Activity: Generate Two Personas and a Messaging Matrix
In this activity, you will (1) generate two provisional personas and (2) create a messaging matrix: persona × pain point × promise × proof. Use your own Research Pack. If you don’t have one yet, use a small starter pack (10 reviews + 5 support tickets + 3 competitor snapshots + 3 analytics notes) and label confidence lower.
Step A — Generate two personas (copy/paste prompt)
Using ONLY the Research Pack below, generate exactly TWO provisional personas.
For each persona include:
- Persona name
- Role + company type
- Top 3 pain points (ranked)
- Top 3 desired outcomes (ranked)
- Top objections (ranked)
- Buying trigger
- Evidence tags + confidence 1–5
RESEARCH PACK:
[PASTE HERE]Step B — Create the messaging matrix (copy/paste prompt)
Create a messaging matrix with columns:
Persona | Pain point | Promise (one sentence) | Proof (what would make it believable) | Funnel stage
Rules:
- Provide 3 rows per persona (6 rows total).
- Each promise must be specific and measurable where possible.
- Proof must be concrete (metric, case study, demo artifact, benchmark, guarantee, integration list).
- Add [Evidence] tags if supported; otherwise write [Proof needed].
- Keep each row under 35 words.Messaging matrix example (format to emulate)

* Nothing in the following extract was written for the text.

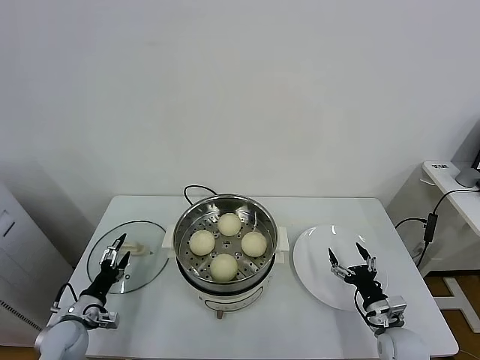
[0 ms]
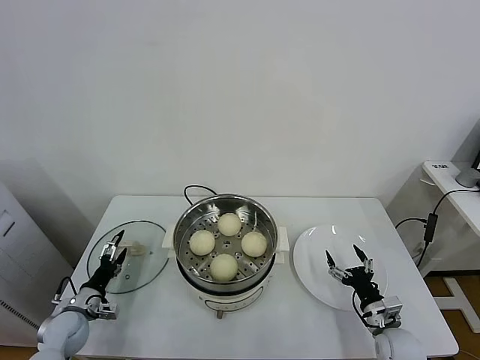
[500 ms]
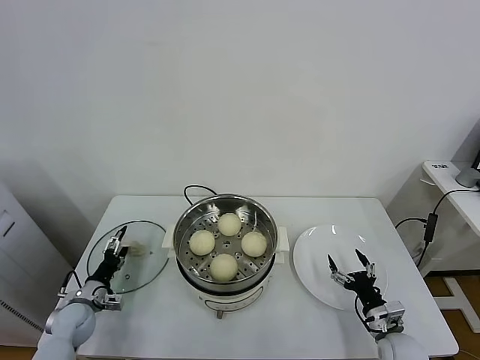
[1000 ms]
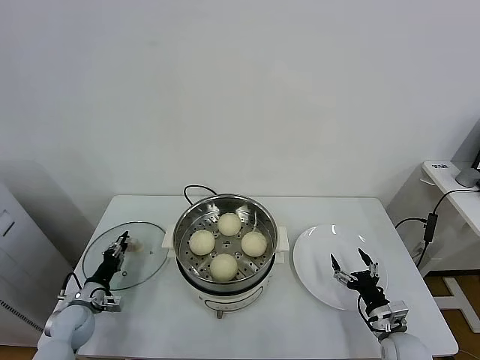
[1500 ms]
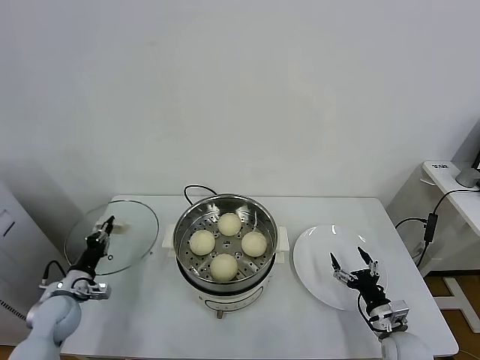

| Persona | Pain point | Promise | Proof | Funnel stage |
|---|---|---|---|---|
| Ops Manager Olivia | Manual reporting takes 6+ hours/week | Cut reporting time from 6 hours to 1 hour/week with automated dashboards | Before/after time study + dashboard demo + template library | Consideration |
| Ops Manager Olivia | Errors cause stakeholder mistrust | Reduce reporting errors by standardizing data pulls and checks | Error-rate benchmark + audit log + sample QA checklist | Decision |
| Ops Manager Olivia | Tool rollout fails due to adoption | Get first team workflow live in 7 days with guided setup | Onboarding plan + in-app checklist + implementation case study | Onboarding |
| Founder Frank | No time to manage marketing consistently | Launch weekly campaigns in under 60 minutes using reusable playbooks | Playbook examples + time-to-first-campaign metric | Awareness |
| Founder Frank | Unclear ROI from spend | Track revenue impact per campaign with attribution-ready reporting | Sample ROI report + integration list + case study with numbers | Decision |
| Founder Frank | Fear of switching tools | Migrate in a weekend without losing historical data | Migration checklist + support SLA + customer migration story | Decision |
After generating your matrix, review it with a skeptic’s eye: highlight any promise without proof, any pain point without direct evidence, and any segment that seems too broad. Those highlights become your next validation tasks.